___ Extracted information
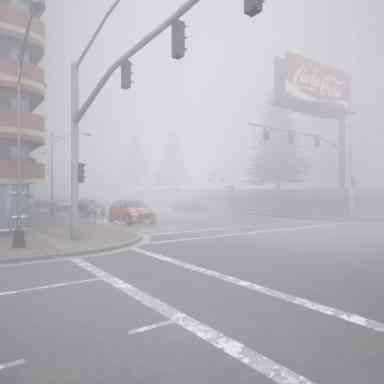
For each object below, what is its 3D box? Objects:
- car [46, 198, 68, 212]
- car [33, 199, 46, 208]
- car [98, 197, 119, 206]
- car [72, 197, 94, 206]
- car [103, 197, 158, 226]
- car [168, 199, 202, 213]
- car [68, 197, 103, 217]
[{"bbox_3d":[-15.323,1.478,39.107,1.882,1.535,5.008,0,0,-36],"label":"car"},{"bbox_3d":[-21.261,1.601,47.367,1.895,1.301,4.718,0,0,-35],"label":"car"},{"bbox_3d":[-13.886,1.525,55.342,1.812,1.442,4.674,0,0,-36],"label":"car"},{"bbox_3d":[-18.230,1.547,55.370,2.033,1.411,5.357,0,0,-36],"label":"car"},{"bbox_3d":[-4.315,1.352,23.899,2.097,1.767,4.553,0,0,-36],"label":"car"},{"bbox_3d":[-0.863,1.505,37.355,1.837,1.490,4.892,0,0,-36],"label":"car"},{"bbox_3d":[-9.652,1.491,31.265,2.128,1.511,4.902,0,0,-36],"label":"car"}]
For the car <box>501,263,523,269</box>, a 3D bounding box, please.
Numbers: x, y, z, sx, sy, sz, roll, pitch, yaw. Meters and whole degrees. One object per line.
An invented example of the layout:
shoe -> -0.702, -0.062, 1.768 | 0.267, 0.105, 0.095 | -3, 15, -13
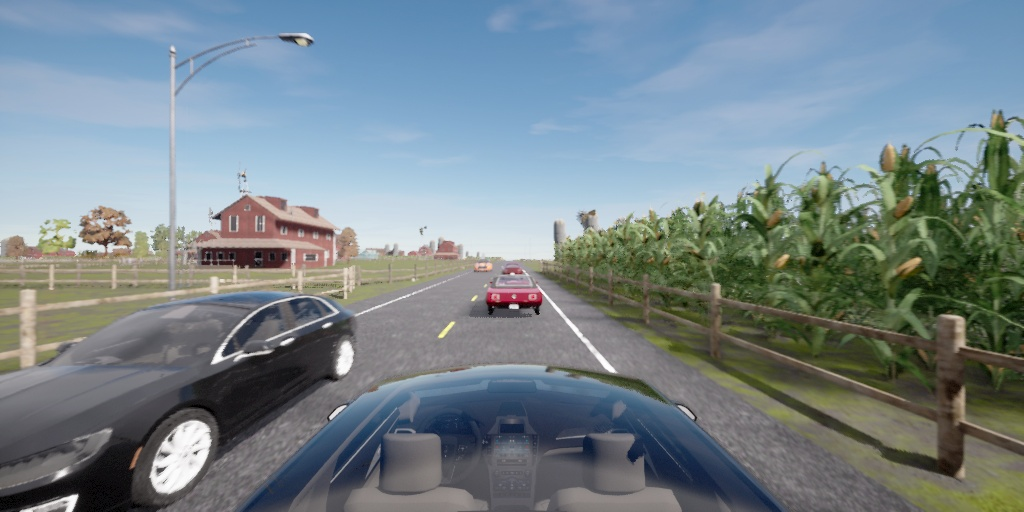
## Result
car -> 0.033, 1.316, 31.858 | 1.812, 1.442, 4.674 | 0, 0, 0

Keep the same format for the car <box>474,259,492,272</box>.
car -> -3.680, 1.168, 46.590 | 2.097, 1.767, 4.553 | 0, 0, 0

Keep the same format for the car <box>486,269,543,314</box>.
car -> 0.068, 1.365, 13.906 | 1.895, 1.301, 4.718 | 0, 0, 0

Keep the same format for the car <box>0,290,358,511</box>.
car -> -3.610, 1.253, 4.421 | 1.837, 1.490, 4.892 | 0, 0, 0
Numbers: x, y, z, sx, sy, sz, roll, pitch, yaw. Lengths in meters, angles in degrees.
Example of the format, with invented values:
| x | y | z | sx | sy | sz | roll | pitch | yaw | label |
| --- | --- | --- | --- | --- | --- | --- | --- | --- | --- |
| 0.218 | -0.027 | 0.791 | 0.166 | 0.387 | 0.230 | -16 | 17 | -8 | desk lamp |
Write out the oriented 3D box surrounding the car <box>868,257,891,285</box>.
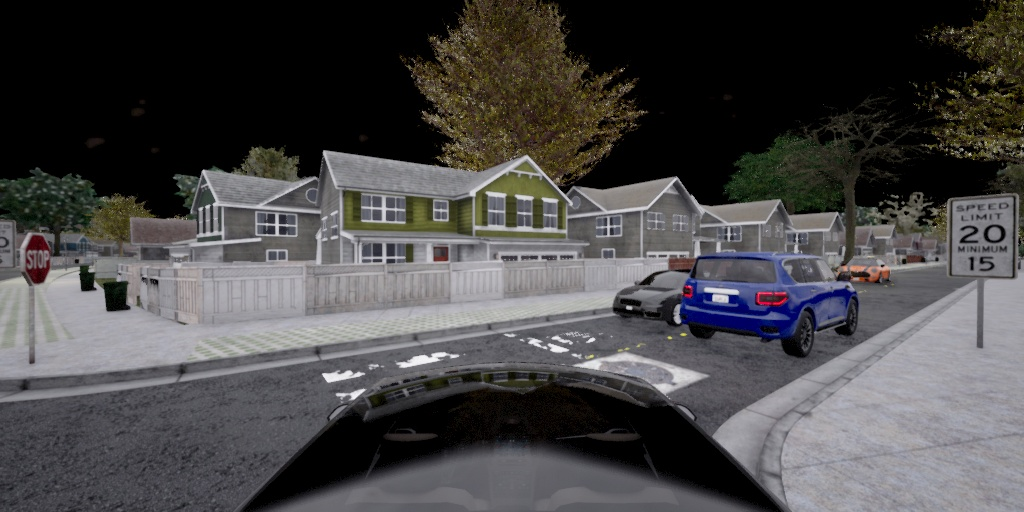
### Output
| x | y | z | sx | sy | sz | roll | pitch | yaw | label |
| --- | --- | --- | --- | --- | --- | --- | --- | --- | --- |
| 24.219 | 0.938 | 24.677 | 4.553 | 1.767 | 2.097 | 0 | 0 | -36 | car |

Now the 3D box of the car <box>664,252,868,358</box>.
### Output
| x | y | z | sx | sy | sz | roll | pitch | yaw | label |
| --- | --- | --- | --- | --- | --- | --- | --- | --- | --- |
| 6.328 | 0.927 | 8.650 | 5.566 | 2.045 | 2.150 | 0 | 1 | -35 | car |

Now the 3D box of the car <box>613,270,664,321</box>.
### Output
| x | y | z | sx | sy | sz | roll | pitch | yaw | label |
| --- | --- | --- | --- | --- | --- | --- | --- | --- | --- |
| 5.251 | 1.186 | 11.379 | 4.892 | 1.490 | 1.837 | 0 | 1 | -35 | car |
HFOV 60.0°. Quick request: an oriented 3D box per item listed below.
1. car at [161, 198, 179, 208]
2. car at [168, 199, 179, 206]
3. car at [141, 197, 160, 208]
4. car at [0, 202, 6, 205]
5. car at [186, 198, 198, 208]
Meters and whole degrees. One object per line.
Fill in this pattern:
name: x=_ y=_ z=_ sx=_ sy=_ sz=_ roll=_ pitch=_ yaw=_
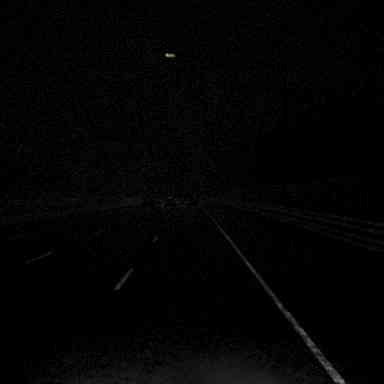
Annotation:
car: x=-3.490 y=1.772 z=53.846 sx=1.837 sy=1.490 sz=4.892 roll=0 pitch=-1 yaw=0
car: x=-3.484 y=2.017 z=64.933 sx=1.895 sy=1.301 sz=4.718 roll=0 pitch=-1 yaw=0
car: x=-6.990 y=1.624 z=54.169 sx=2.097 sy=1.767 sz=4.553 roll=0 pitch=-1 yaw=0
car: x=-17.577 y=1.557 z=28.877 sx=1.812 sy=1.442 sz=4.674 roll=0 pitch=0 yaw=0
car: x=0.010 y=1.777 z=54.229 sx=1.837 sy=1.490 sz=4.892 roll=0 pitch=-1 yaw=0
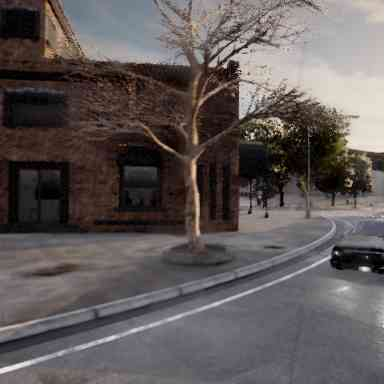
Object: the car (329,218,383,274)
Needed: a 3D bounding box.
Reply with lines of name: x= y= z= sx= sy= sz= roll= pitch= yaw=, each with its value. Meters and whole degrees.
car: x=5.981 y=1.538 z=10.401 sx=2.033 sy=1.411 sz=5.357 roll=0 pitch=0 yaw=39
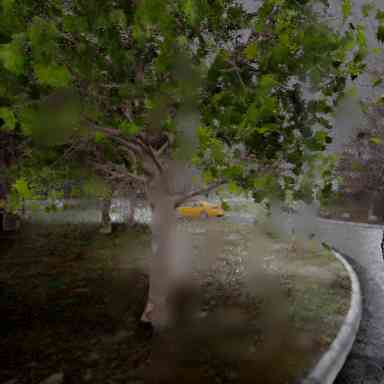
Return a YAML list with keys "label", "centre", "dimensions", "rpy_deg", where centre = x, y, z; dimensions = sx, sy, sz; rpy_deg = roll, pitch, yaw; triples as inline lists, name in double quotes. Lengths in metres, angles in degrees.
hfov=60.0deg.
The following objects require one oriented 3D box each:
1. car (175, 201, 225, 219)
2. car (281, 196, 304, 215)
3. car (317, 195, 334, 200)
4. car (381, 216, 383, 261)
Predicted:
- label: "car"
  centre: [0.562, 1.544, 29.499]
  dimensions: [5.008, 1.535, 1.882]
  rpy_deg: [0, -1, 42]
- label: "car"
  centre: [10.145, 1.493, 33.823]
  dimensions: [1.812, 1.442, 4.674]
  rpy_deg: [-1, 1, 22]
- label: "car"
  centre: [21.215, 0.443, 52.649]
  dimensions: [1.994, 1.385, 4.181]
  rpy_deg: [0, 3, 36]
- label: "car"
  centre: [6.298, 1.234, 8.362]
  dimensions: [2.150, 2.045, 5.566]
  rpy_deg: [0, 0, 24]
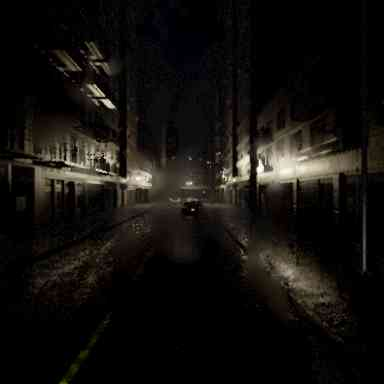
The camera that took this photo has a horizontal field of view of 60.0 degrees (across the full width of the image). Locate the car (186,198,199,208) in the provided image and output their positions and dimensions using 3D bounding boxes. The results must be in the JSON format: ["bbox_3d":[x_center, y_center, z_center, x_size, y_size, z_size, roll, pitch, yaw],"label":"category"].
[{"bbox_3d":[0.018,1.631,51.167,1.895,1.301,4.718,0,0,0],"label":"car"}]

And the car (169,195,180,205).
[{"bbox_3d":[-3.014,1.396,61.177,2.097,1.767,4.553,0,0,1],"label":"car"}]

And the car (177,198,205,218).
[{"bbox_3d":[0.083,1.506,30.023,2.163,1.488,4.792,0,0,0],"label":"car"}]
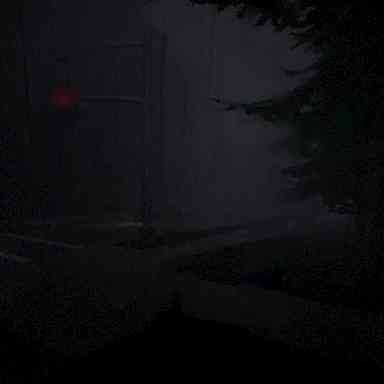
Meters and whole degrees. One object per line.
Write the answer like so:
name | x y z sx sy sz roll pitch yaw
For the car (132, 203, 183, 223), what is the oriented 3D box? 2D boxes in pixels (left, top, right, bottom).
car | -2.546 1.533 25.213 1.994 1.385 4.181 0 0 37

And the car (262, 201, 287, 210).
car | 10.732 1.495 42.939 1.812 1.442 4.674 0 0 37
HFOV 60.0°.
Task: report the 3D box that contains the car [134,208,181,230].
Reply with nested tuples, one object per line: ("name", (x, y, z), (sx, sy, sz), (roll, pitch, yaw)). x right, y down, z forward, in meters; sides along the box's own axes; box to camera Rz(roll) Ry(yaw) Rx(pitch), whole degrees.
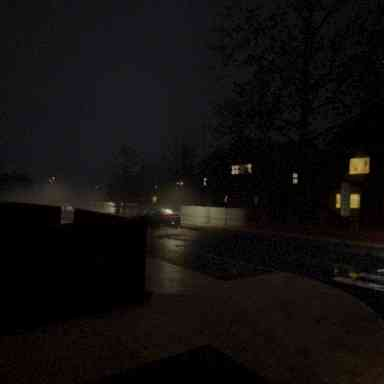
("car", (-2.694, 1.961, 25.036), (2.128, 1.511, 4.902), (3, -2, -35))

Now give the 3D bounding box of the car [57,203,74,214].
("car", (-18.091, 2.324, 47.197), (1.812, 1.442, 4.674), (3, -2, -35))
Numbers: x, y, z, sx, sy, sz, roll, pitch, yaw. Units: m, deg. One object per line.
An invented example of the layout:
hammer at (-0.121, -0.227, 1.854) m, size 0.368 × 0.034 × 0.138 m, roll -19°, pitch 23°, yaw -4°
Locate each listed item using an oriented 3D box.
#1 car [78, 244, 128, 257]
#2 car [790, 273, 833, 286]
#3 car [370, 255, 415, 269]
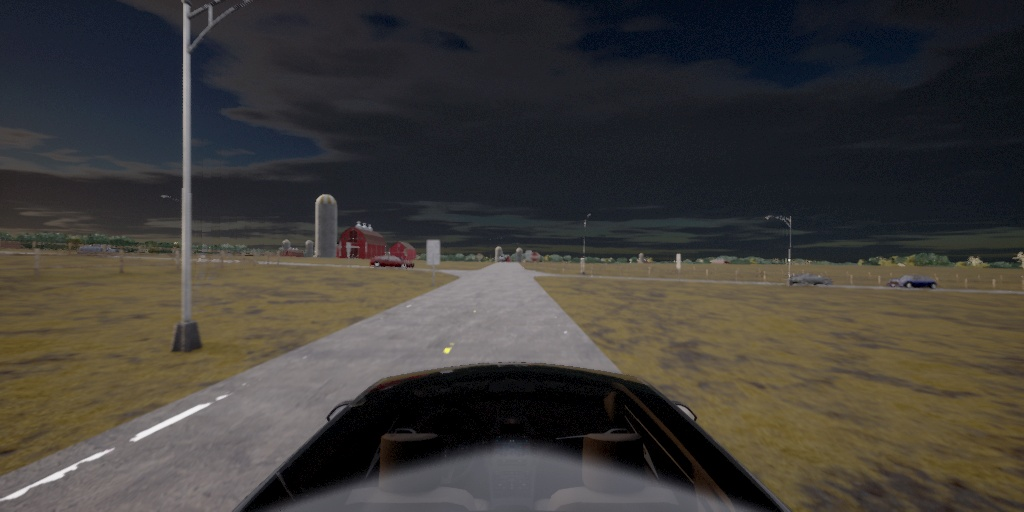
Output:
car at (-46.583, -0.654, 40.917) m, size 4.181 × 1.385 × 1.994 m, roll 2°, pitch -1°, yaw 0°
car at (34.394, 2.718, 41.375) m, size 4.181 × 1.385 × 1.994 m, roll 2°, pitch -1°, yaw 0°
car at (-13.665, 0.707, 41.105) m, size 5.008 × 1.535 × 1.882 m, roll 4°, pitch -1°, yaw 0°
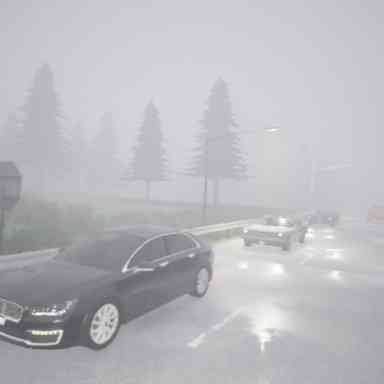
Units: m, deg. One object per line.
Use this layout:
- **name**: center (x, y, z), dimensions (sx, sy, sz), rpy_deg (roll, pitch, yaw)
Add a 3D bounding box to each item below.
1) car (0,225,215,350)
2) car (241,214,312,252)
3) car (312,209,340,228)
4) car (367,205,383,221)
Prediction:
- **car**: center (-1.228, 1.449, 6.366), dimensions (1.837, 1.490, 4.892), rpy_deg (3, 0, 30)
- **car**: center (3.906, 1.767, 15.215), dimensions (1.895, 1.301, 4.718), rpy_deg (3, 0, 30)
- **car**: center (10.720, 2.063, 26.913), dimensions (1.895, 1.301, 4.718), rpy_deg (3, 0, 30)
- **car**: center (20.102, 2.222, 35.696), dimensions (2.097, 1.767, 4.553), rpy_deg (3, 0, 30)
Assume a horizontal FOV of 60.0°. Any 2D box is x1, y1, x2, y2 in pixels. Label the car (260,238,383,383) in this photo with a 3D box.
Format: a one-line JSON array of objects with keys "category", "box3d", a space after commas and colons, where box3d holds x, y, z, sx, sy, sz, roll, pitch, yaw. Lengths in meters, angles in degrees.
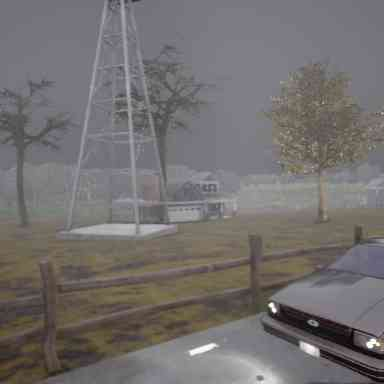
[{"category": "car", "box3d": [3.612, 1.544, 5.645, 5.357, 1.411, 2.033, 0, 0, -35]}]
______
#### [About this exercise]
Match on "Numbers": copy every line in the records that has it.

#### [Expected answer]
Numbers: x, y, z, sx, sy, sz, roll, pitch, yaw. Meters and whole degrees. One object per line.
Numbers: x, y, z, sx, sy, sz, roll, pitch, yaw. Lengths in meters, angles in degrees.
Numbers: x, y, z, sx, sy, sz, roll, pitch, yaw. Units: m, deg. One object per line.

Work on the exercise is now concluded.